In this randomized clinical trial of 2000 participants, the behavioral nudge delivered through text messages significantly increased adherence to the health system COVID-19 vaccination policy by 4.9 percentage points compared with the control group during the 2-week intervention period. At the 4-week time point near the vaccination policy deadline, there was no longer a significant difference in the overall adherence rate between groups.
This randomized clinical trial found that a behavioral nudge delivered by text message with a reserved date for vaccination accelerated adherence to a health system COVID-19 vaccination policy; however, other approaches may be needed to change overall adherence rates by the time of the policy deadline.
Many organizations implemented COVID-19 vaccination requirements during the pandemic, but the best way to increase adherence to these policies is unknown.
To evaluate if behavioral nudges delivered through text messages could accelerate adherence to a health system’s COVID-19 vaccination policy.
Design, Setting, and Participants
This randomized clinical trial was conducted within Ascension health system from October 11 to November 8, 2021. Participants included health system employees in the Midwest or South US who were not adherent with the vaccination policy 1 month before its deadline. Data were analyzed from November 17, 2021, to February 25, 2022.
Participants were randomly assigned to control or to receive a text message intervention that stated a vaccine had been reserved for the participant, with a scheduled date for vaccination within a 2-week period. Participants could reschedule to a different date within the period or upload a copy of their vaccination card. Follow-up text message reminders were sent the day before and the day of the appointment.
Main Outcomes and Measures
The primary outcome was adherence to the health system’s vaccination policy during the 2-week intervention. Secondary outcomes included time to vaccination during a 4-week follow-up period.
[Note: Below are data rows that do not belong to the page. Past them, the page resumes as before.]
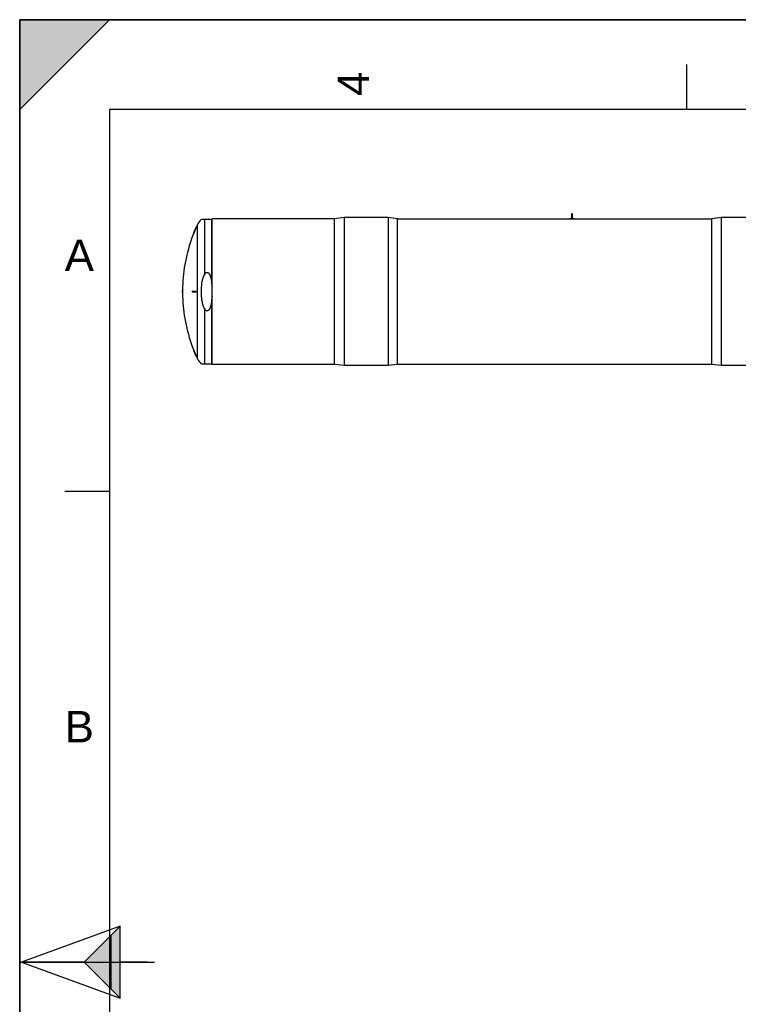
# Model space of a CAD drawing. Header units: millimetres. Extents: x 0 to 297, y 0 to 210.
# Tile 2 of 20: x 0 to 80, y 100 to 210. Entities that reach past the tile are written whole.
import ezdxf

# ---------------------------------------------------------------- set-up
doc = ezdxf.new("R2010")
doc.units = ezdxf.units.MM
doc.header["$LTSCALE"] = 16.335
doc.layers.get('0').update_dxf_attribs({"linetype": 'CONTINUOUS'})
doc.layers.add('AXES_REF', color=7, linetype='CONTINUOUS')
doc.layers.add('SURFACES', color=7, linetype='CONTINUOUS')
doc.styles.add('TEXTSTYLE_2', font='arial.ttf')

# ---------------------------------------------------------------- blocks, each defined once
blk = doc.blocks.new('MARGEA4_BL0', base_point=(148.51, 105.01))
at = {"color": 7, "linetype": 'Continuous'}
for p, q in [((297.01, 210.01), (0.01, 210.01)), ((0.01, 0.01), (0.01, 210.01)), ((0.01, 200.01), (10.01, 210.01)), ((10.01, 210.01), (0.01, 210.01)), ((0.01, 210.01), (0.01, 200.01)), ((0.01, 0.01), (0.01, 210.01)), ((0.01, 210.01), (0.01, 0.01)), ((0.01, 200.01), (10.01, 210.01)), ((74.26, 205.01), (74.26, 200.01)), ((287.01, 200.01), (10.01, 200.01)), ((10.01, 200.01), (10.01, 10.01)), ((5.01, 157.51), (10.01, 157.51)), ((0.01, 105.01), (15.01, 105.01))]:
    blk.add_line(p, q, dxfattribs=at)
blk.add_solid([(0.01, 200.01), (10.01, 210.01), (0.01, 210.01)], dxfattribs=at)
at = {"color": 5, "linetype": 'Continuous', "style": 'TEXTSTYLE_2', "oblique": 0}
blk.add_text('4', height=3.5, rotation=90, dxfattribs=at).set_placement((38.89, 201.51))
for s, p in [('A', (5.01, 182.01)), ('B', (5.01, 129.51))]:
    blk.add_text(s, height=3.5, dxfattribs=at).set_placement(p)
blk = doc.blocks.new('REPERE_ORIENTATION_BL2', base_point=(7.19, 105.02))
at = {"color": 7, "linetype": 'Continuous'}
for p, q in [((11.19, 109.02), (0.19, 105.02)), ((7.19, 105.02), (11.19, 109.02)), ((11.19, 101.02), (11.19, 109.02)), ((10.19, 102.02), (10.19, 108.02)), ((0.19, 105.02), (11.19, 101.02)), ((7.19, 105.02), (0.19, 105.02)), ((7.19, 105.02), (11.19, 101.02)), ((14.19, 105.02), (11.19, 105.02))]:
    blk.add_line(p, q, dxfattribs=at)
blk.add_solid([(11.19, 109.02), (7.19, 105.02), (11.19, 101.02)], dxfattribs=at)

msp = doc.modelspace()

# ---------------------------------------------------------------- linework, layer by layer
at = {"color": 7, "linetype": 'Continuous'}
for p, q in [((0, 0), (0, 210)), ((0, 210), (297, 210)), ((21.39, 187.76), (20.23, 187.76)), ((21.42, 171.62), (21.42, 187.82)), ((35.07, 187.82), (21.42, 187.82)), ((42.07, 187.82), (77.07, 187.82)), ((61.26, 187.82), (61.26, 187.85)), ((61.26, 187.85), (61.74, 187.85)), ((61.45, 188.37), (61.45, 187.9)), ((61.54, 188.37), (61.54, 187.9)), ((61.74, 187.82), (61.74, 187.85)), ((82.47, 187.97), (78.12, 187.97)), ((19.63, 186.88), (19.65, 186.88)), ((19.2, 185.83), (19.22, 185.83)), ((18.12, 180.25), (18.14, 180.25)), ((18.11, 179.76), (18.14, 179.76)), ((18.11, 179.69), (18.14, 179.69)), ((18.12, 179.2), (18.14, 179.2)), ((19.2, 179.76), (19.65, 179.76)), ((19.2, 179.69), (19.65, 179.69)), ((19.2, 173.62), (19.22, 173.62)), ((19.63, 172.57), (19.65, 172.57)), ((20.23, 171.69), (21.39, 171.69)), ((35.07, 171.62), (21.42, 171.62)), ((77.07, 171.62), (42.07, 171.62))]:
    msp.add_line(p, q, dxfattribs=at)
at = {"color": 9, "linetype": 'Continuous'}
for p, q in [((20.57, 187.76), (20.57, 181.6)), ((21.39, 180.57), (21.39, 187.76)), ((21.39, 171.69), (21.39, 178.88)), ((20.57, 177.85), (20.57, 171.69))]:
    msp.add_line(p, q, dxfattribs=at)
at = {"color": 7, "linetype": 'Continuous'}
for centre, radius, start, end in [((61.5, 187.75), 0.175, 104.4809, 144.5496), ((61.5, 188.37), 0.0437, 0, 180), ((61.5, 187.75), 0.175, 35.4504, 75.5191), ((35.75, 179.72), 17.64, 156.0651, 159.746), ((35.75, 179.72), 17.62, 156.0348, 159.7208), ((35.75, 179.72), 17.64, 178.2948, 179.8863), ((35.75, 179.72), 17.62, 178.2927, 179.8862), ((35.75, 179.72), 17.64, 180.1137, 181.7052), ((35.75, 179.72), 17.63, 179.8863, 180.1137), ((35.75, 179.72), 17.62, 180.1138, 181.7073), ((35.75, 179.72), 17.61, 179.8861, 180.1139), ((35.75, 179.72), 16.55, 179.8788, 180.1212), ((35.75, 179.72), 16.13, 179.8756, 180.1244), ((35.75, 179.72), 16.1, 179.8755, 180.1245), ((35.75, 179.72), 17.64, 200.254, 203.9349), ((35.75, 179.72), 17.62, 200.2792, 203.9652)]:
    msp.add_arc(centre, radius, start, end, dxfattribs=at)
for points, knots in [([(61.5, 187.87), (61.49, 187.87), (61.47, 187.87), (61.45, 187.89), (61.45, 187.9)], [0, 0, 0, 0, 0.606644, 1, 1, 1, 1]), ([(61.54, 187.9), (61.54, 187.89), (61.53, 187.87), (61.51, 187.87), (61.5, 187.87)], [0, 0, 0, 0, 0.393218, 1, 1, 1, 1]), ([(20.23, 179.72), (20.23, 180.04), (20.26, 180.52), (20.39, 181.15), (20.5, 181.45), (20.57, 181.6)], [0, 0, 0, 0, 0.499966, 0.750074, 1, 1, 1, 1]), ([(20.57, 181.6), (20.59, 181.63), (20.63, 181.7), (20.7, 181.8), (20.8, 181.87), (20.92, 181.87), (21.03, 181.8), (21.13, 181.68), (21.21, 181.5), (21.28, 181.27), (21.35, 180.96), (21.38, 180.73), (21.39, 180.57)], [0, 0, 0, 0, 0.062628, 0.125181, 0.187413, 0.249038, 0.3112, 0.373738, 0.49882, 0.624093, 0.749406, 1, 1, 1, 1]), ([(20.57, 177.85), (20.5, 177.99), (20.39, 178.3), (20.26, 178.92), (20.23, 179.4), (20.23, 179.72)], [0, 0, 0, 0, 0.249926, 0.500034, 1, 1, 1, 1]), ([(21.39, 178.88), (21.38, 178.72), (21.35, 178.48), (21.28, 178.17), (21.21, 177.95), (21.13, 177.77), (21.03, 177.64), (20.92, 177.57), (20.8, 177.58), (20.7, 177.65), (20.63, 177.75), (20.59, 177.82), (20.57, 177.85)], [0, 0, 0, 0, 0.250594, 0.375907, 0.50118, 0.626262, 0.6888, 0.750962, 0.812587, 0.874819, 0.937372, 1, 1, 1, 1])]:
    msp.add_open_spline(points, degree=3, knots=knots, dxfattribs=at)
for points in [[(21.39, 180.57), (21.4, 180.46), (21.41, 180.36), (21.42, 180.25)], [(21.42, 179.19), (21.41, 179.09), (21.4, 178.98), (21.39, 178.88)]]:
    msp.add_open_spline(points, degree=3, dxfattribs=at)
at = {"layer": 'AXES_REF', "color": 7, "linetype": 'Continuous'}
for p, q in [((36.12, 187.97), (35.07, 187.82)), ((35.07, 171.62), (35.07, 187.82)), ((36.12, 187.97), (36.12, 171.48)), ((41.02, 187.97), (36.12, 187.97)), ((41.02, 187.97), (41.02, 171.48)), ((42.07, 187.82), (41.02, 187.97)), ((42.07, 171.62), (42.07, 187.82)), ((78.12, 187.97), (77.07, 187.82)), ((77.07, 171.62), (77.07, 187.82)), ((78.12, 187.97), (78.12, 171.48)), ((36.12, 171.48), (35.07, 171.62)), ((41.02, 171.48), (36.12, 171.48)), ((42.07, 171.62), (41.02, 171.48)), ((78.12, 171.48), (77.07, 171.62)), ((83.02, 171.48), (78.12, 171.48))]:
    msp.add_line(p, q, dxfattribs=at)
at = {"layer": 'AXES_REF', "color": 9, "linetype": 'Continuous'}
msp.add_line((19.79, 172.25), (19.79, 187.2), dxfattribs=at)
at = {"layer": 'AXES_REF', "color": 7, "linetype": 'Continuous'}
for centre, radius, start, end in [((21.25, 186.51), 1.61, 129.4897, 154.9081), ((35.75, 179.72), 17.62, 154.9081, 156.0349), ((35.75, 179.72), 17.62, 159.7208, 178.2927), ((35.75, 179.72), 17.62, 181.7073, 200.2792), ((35.75, 179.72), 17.62, 203.9651, 205.0919), ((21.25, 172.93), 1.61, 205.0919, 230.5103)]:
    msp.add_arc(centre, radius, start, end, dxfattribs=at)
at = {"layer": 'SURFACES', "color": 7, "linetype": 'Continuous'}
msp.add_arc((35.75, 179.72), 17.64, 179.8863, 180.1137, dxfattribs=at)

# ---------------------------------------------------------------- block references
at = {"color": 2, "linetype": 'Continuous'}
for name, p in [('MARGEA4_BL0', (148.51, 105.01)), ('REPERE_ORIENTATION_BL2', (7.19, 105.02))]:
    msp.add_blockref(name, p, dxfattribs=at)

doc.saveas('drawing.dxf')

The sample included 2000 participants (mean [SD] age, 36.4 [12.3] years; 1724 [86.2%] women), with 1000 participants randomized to the control group and 1000 participants randomized to the intervention group. Overall, there were 164 Hispanic participants (8.2%), 46 non-Hispanic Asian participants (2.3%), 202 non-Hispanic Black participants (10.1%), and 1418 non-Hispanic White participants (70.9%). By the end of the 2-week intervention, 363 participants in the text message nudge group (36.3%) and 318 participants in the control group (31.8%) were adherent with the vaccination policy, representing a significant increase of 4.9 (95% CI, 0.8 to 9.1) percentage points in adjusted analyses comparing the nudge group with the control group (P = .02). Among participants who became adherent by the end of the 4-week follow-up period, the text message nudge significantly reduced time to adherence by a mean of 2.4 (95% CI, 2.1 to 4.7) days (P < .001) and a median of 5.0 (95% CI, 2.5 to 7.7) days (P < .001) compared with the control group. At 4 weeks, overall vaccination adherence was no longer different between groups (control: 477 participants [47.7%]; intervention: 472 participants [47.2%]).
Conclusions and Relevance
This randomized clinical trial found that a behavioral nudge delivered through text messages accelerated adherence to a health system’s COVID-19 vaccination policy but did change overall adherence by the time of the policy deadline.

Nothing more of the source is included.